_Excerpted data_:
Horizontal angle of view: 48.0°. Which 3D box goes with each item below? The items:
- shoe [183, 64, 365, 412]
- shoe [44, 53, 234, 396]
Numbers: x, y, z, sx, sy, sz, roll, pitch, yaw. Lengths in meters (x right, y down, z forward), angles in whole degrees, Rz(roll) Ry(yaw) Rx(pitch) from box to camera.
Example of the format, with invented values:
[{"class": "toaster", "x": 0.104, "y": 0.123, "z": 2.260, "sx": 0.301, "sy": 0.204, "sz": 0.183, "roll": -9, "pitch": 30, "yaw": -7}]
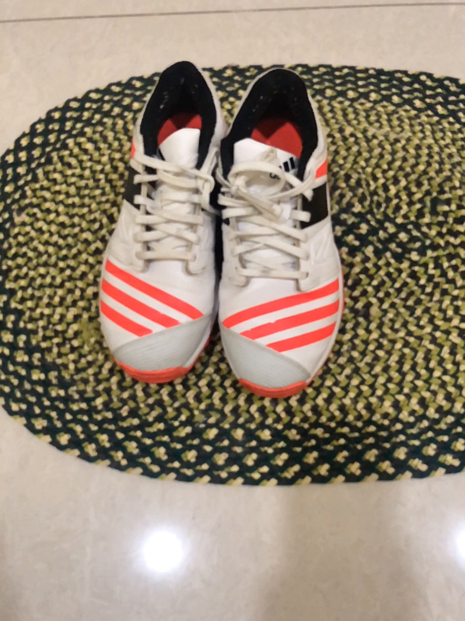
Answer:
[{"class": "shoe", "x": 0.038, "y": -0.058, "z": 0.417, "sx": 0.110, "sy": 0.100, "sz": 0.250, "roll": 5, "pitch": 70, "yaw": 4}, {"class": "shoe", "x": -0.064, "y": -0.075, "z": 0.442, "sx": 0.100, "sy": 0.090, "sz": 0.270, "roll": 5, "pitch": 70, "yaw": 4}]
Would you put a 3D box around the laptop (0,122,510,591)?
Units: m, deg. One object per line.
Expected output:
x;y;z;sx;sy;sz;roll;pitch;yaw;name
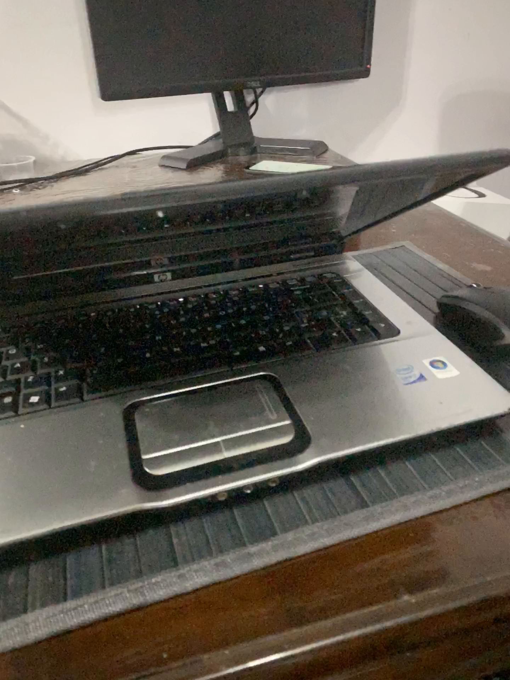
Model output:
-0.042;-0.043;0.329;0.343;0.108;0.245;-11;35;-16;laptop
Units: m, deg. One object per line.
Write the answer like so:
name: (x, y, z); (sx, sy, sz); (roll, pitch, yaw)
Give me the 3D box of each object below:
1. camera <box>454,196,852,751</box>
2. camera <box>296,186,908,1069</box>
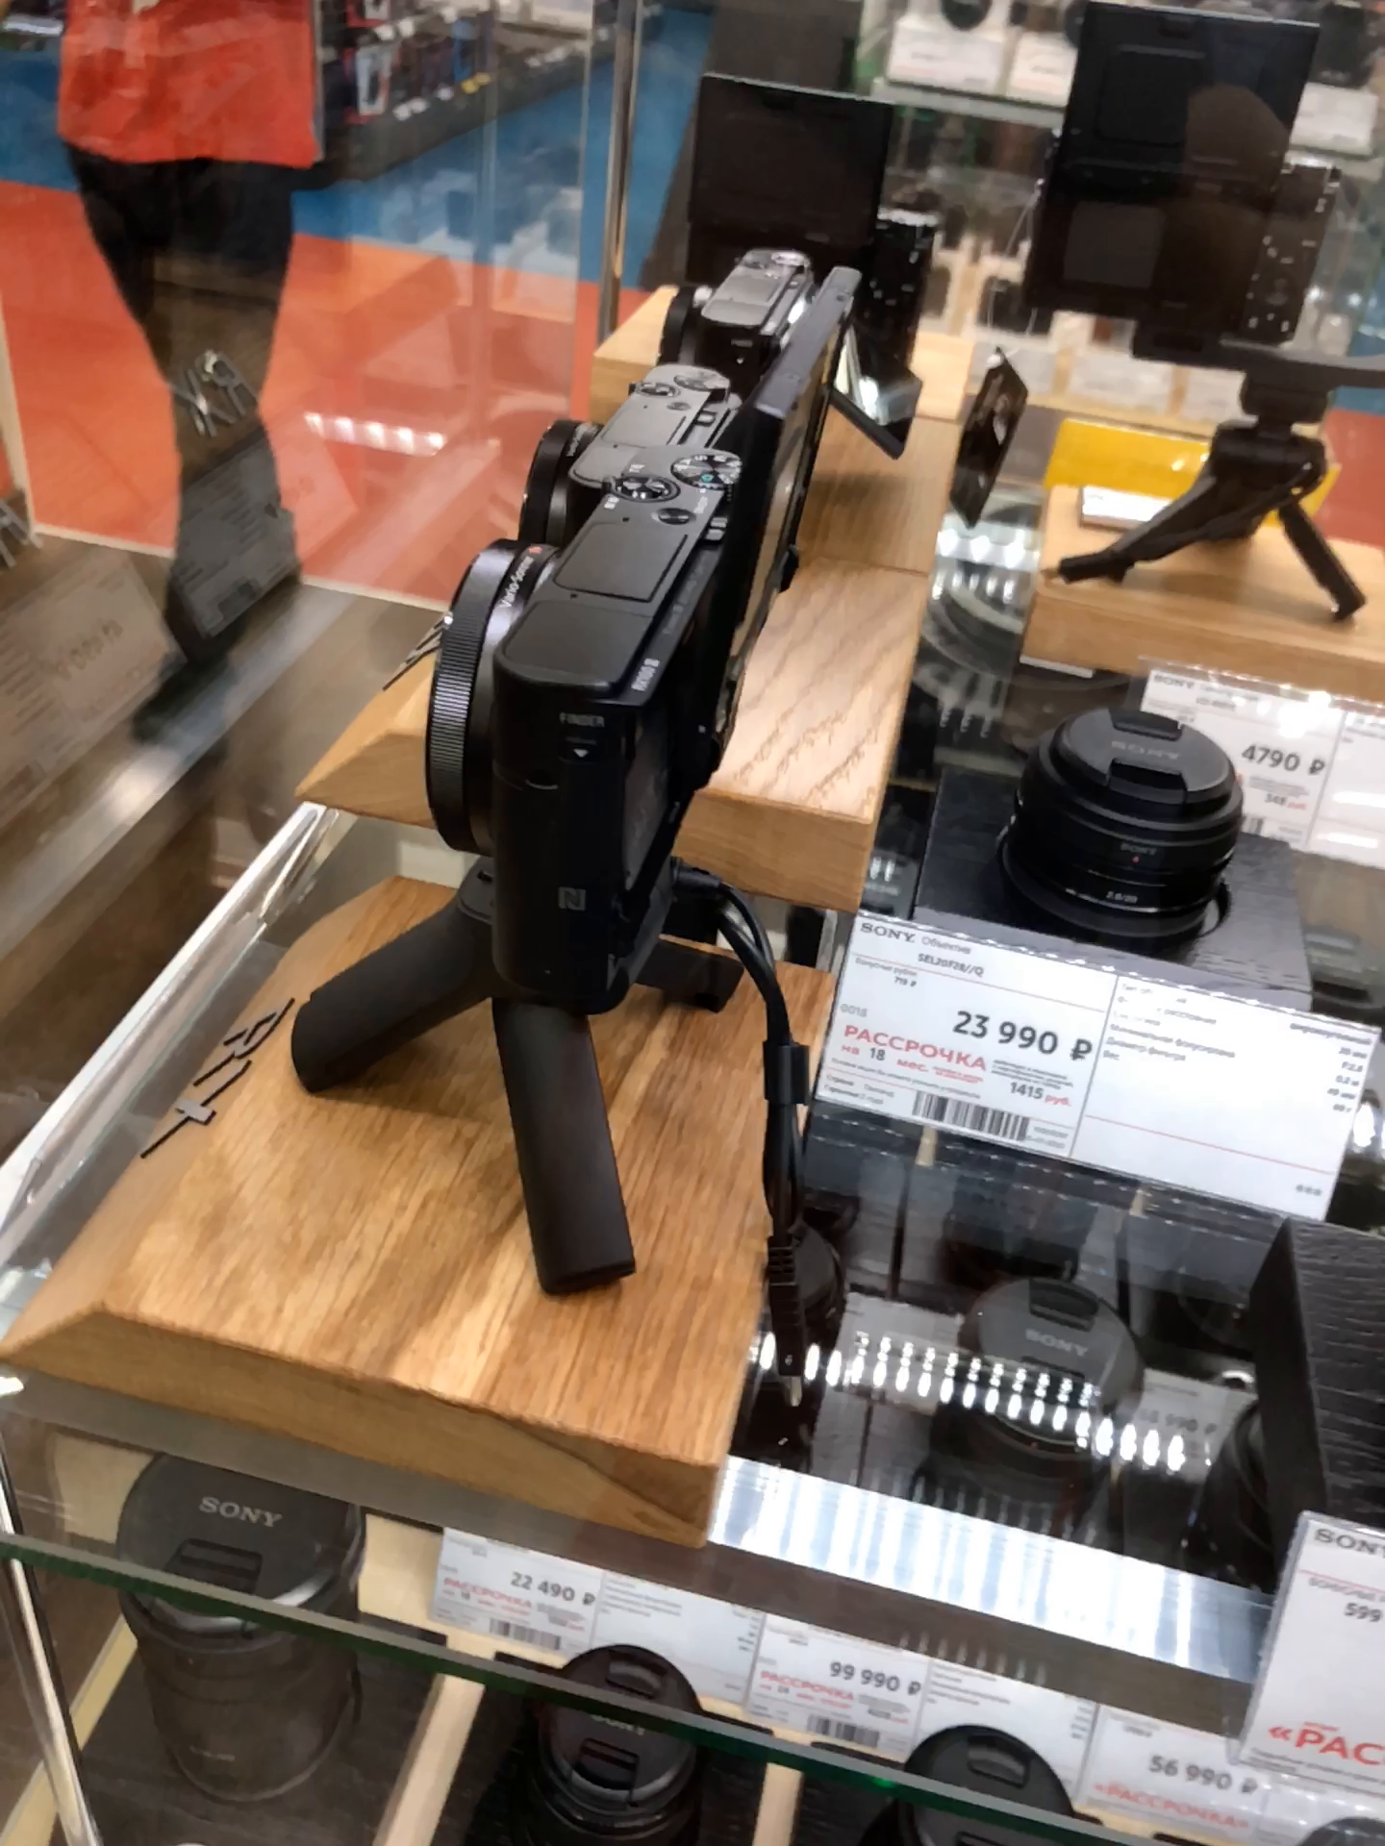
camera: (-0.009, -0.120, 0.397); (0.069, 0.097, 0.109); (13, 37, 7)
camera: (-0.011, -0.054, 0.253); (0.062, 0.097, 0.109); (13, 37, 7)

_Problem to work on_: Each entry above is to be written out again unchanged, apart from the pictures, which are left out.

_Result of this exercise_:
Horizontal angle of view: 48.0°. Which 3D box goes with each item below? The items:
- shoe [183, 64, 365, 412]
- shoe [44, 53, 234, 396]
Numbers: x, y, z, sx, sy, sz, roll, pitch, yaw. Lengths in meters (x right, y down, z forward), angles in whole degrees, Rz(roll) Ry(yaw) Rx(pitch) from box to camera.
Example of the format, with invented values:
[{"class": "toaster", "x": 0.104, "y": 0.123, "z": 2.260, "sx": 0.301, "sy": 0.204, "sz": 0.183, "roll": -9, "pitch": 30, "yaw": -7}]
Answer:
[{"class": "shoe", "x": 0.038, "y": -0.058, "z": 0.417, "sx": 0.110, "sy": 0.100, "sz": 0.250, "roll": 5, "pitch": 70, "yaw": 4}, {"class": "shoe", "x": -0.064, "y": -0.075, "z": 0.442, "sx": 0.100, "sy": 0.090, "sz": 0.270, "roll": 5, "pitch": 70, "yaw": 4}]
Would you put a 3D box around the laptop (0,122,510,591)?
Units: m, deg. One object per line.
Expected output:
x;y;z;sx;sy;sz;roll;pitch;yaw;name
Model output:
-0.042;-0.043;0.329;0.343;0.108;0.245;-11;35;-16;laptop
Units: m, deg. One object per line.
Write the answer like so:
name: (x, y, z); (sx, sy, sz); (roll, pitch, yaw)
Give me the 3D box of each object below:
1. camera <box>454,196,852,751</box>
2. camera <box>296,186,908,1069</box>
camera: (-0.009, -0.120, 0.397); (0.069, 0.097, 0.109); (13, 37, 7)
camera: (-0.011, -0.054, 0.253); (0.062, 0.097, 0.109); (13, 37, 7)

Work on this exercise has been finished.